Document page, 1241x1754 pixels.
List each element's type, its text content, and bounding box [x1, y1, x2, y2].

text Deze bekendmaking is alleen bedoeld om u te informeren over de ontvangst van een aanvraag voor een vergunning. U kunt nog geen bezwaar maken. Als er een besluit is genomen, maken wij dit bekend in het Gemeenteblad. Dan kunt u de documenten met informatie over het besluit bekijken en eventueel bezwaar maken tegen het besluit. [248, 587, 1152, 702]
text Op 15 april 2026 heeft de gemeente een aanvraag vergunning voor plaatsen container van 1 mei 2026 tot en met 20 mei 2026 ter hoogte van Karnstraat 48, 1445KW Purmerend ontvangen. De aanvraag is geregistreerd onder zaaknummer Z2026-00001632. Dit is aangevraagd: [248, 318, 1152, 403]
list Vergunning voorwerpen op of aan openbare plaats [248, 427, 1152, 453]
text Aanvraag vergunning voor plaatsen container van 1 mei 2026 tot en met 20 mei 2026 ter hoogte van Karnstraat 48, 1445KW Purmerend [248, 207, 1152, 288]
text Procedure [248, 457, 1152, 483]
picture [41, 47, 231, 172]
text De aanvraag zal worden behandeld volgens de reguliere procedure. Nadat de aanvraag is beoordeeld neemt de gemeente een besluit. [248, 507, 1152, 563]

Task - Transcribe every record verbatim.

Task output -
Document page, 1241x1754 pixels.
List each element's type, its text content, and bounding box [x1, y1, x2, y2].

text Deze bekendmaking is alleen bedoeld om u te informeren over de ontvangst van een aanvraag voor een vergunning. U kunt nog geen bezwaar maken. Als er een besluit is genomen, maken wij dit bekend in het Gemeenteblad. Dan kunt u de documenten met informatie over het besluit bekijken en eventueel bezwaar maken tegen het besluit. [248, 587, 1152, 702]
text Op 15 april 2026 heeft de gemeente een aanvraag vergunning voor plaatsen container van 1 mei 2026 tot en met 20 mei 2026 ter hoogte van Karnstraat 48, 1445KW Purmerend ontvangen. De aanvraag is geregistreerd onder zaaknummer Z2026-00001632. Dit is aangevraagd: [248, 318, 1152, 403]
list Vergunning voorwerpen op of aan openbare plaats [248, 427, 1152, 453]
text Aanvraag vergunning voor plaatsen container van 1 mei 2026 tot en met 20 mei 2026 ter hoogte van Karnstraat 48, 1445KW Purmerend [248, 207, 1152, 288]
text Procedure [248, 457, 1152, 483]
picture [41, 47, 231, 172]
text De aanvraag zal worden behandeld volgens de reguliere procedure. Nadat de aanvraag is beoordeeld neemt de gemeente een besluit. [248, 507, 1152, 563]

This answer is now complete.